On va donc dresser un tableau de filtrage qui représente les autorisations de la DMZ :

(Les chiffres représentés sont ceux du contexte) ; «  » signifie « parle à »

Dialogue autorisé Dialogue interdit
1 2

1 3

1 4

2 3

3 2

4 1

4 2

4 3

2 1

3 1

2 4

3 4

IV – Pourquoi effectuer un filtrage sur la zone DMZ ?

Le filtrage va nous servir à protéger le serveur Web des intrusions tout en le rendant accessible pour ses fonctions principales (Visionner le contenu de la page HTML du serveur, accès à la base de données).

V – Configuration du filtrage:

Tout d’abord il faut vérifier la situation initiale, pour ce faire il faut réalise un ping vers l’extérieur et dans le réseau local.
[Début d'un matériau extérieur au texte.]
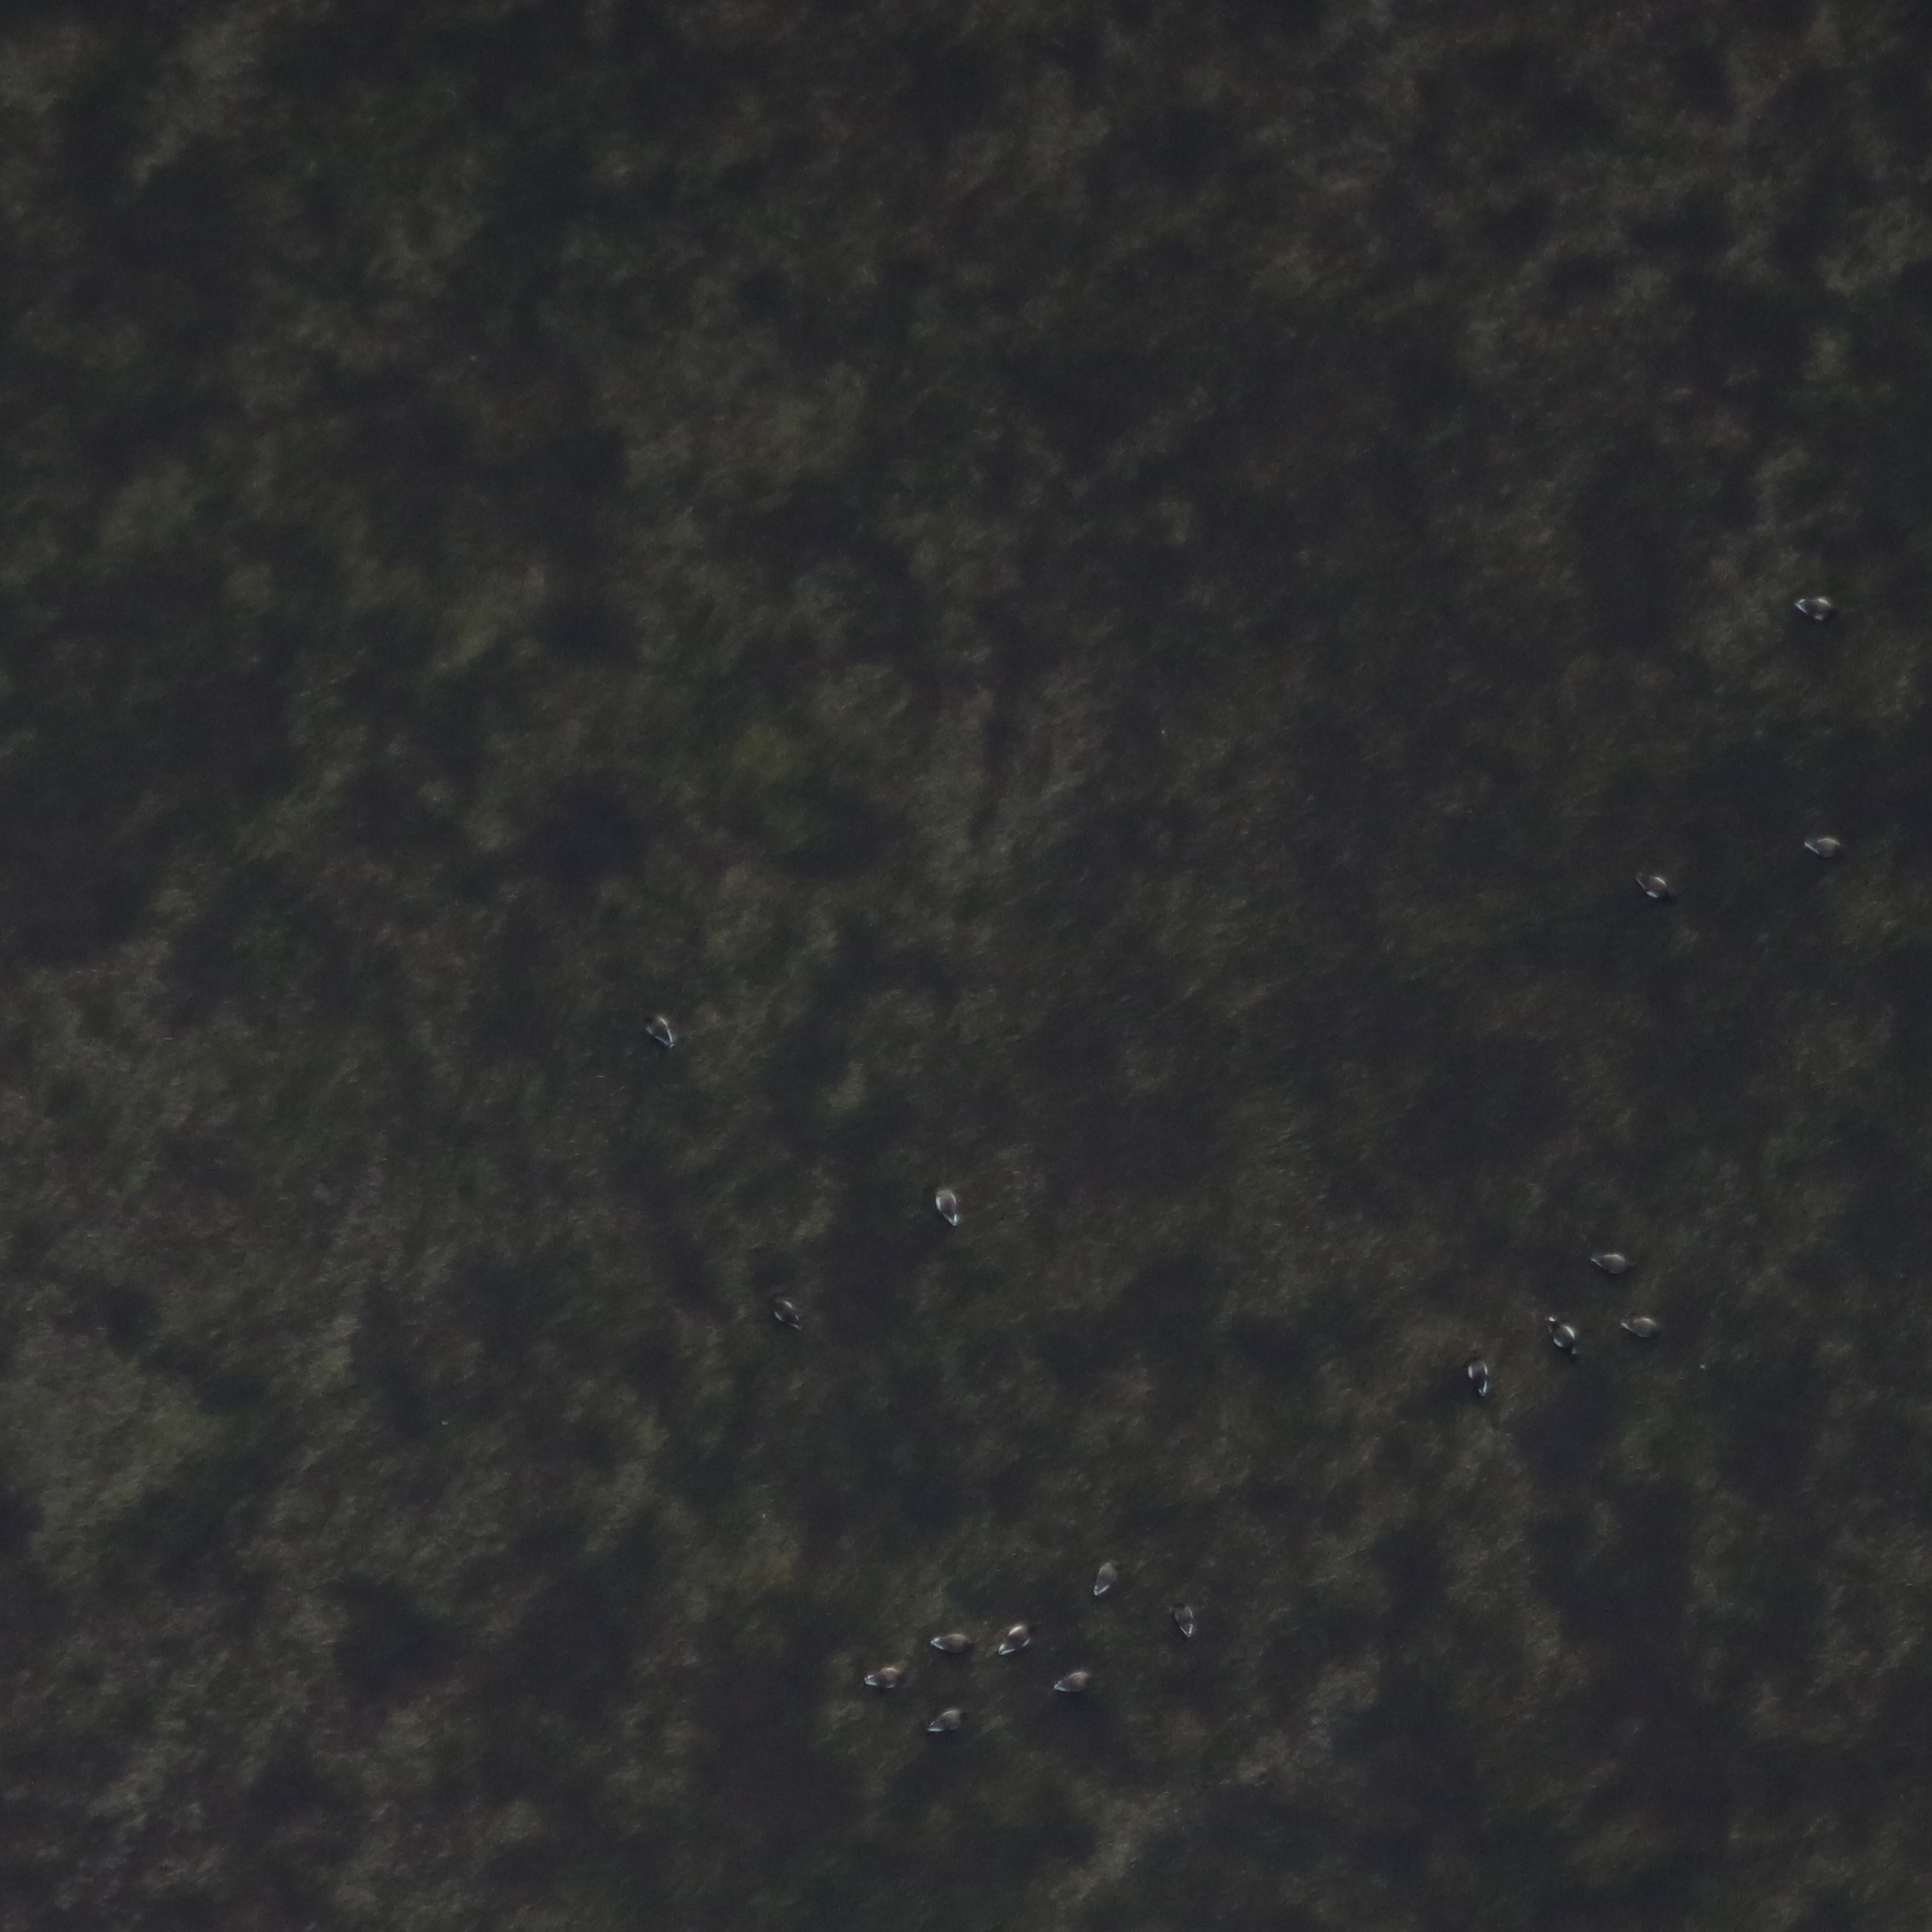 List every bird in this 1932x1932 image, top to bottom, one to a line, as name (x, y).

Si les deux répondent c’est que la configuration est correcte.

Les commandes à réaliser dans le terminal :

ping free.fr
ping 192.168.1.150

Etape 1 – Supprimer tout filtrage existant sur notre routeur Debian :

Pourquoi ? Pour partir sur une base saine ou l’on pourra tout choisir a notre guise.

iptables -F

Test : pour tester les modifications il va falloir afficher le contenu de la table, si cette dernière est vide, la commande a réussi.

iptables -L

Etape 2 – Mettre en place la politique par défaut qui consiste à tout bloquer sauf sorties du routeur URANUS.

On bloque toutes trames traversant le routeur:

iptables -P FORWARD DROP

On bloque toutes trames entrant dans le routeur:

iptables -P INPUT DROP

On accepte les trames sortant du routeur:

iptables -P OUTPUT ACCEPT

Test : réaliser un ping vers l’extérieur et dans le réseau local. Si les deux ne répondent pas c’est que la politique par défaut a bien été appliquée.

ping free.fr
ping 192.168.1.150

Etape 3 – Autoriser le Trafic établi

Le trafic établi est la réponse aux trames déjà existantes, il est important de l’autoriser.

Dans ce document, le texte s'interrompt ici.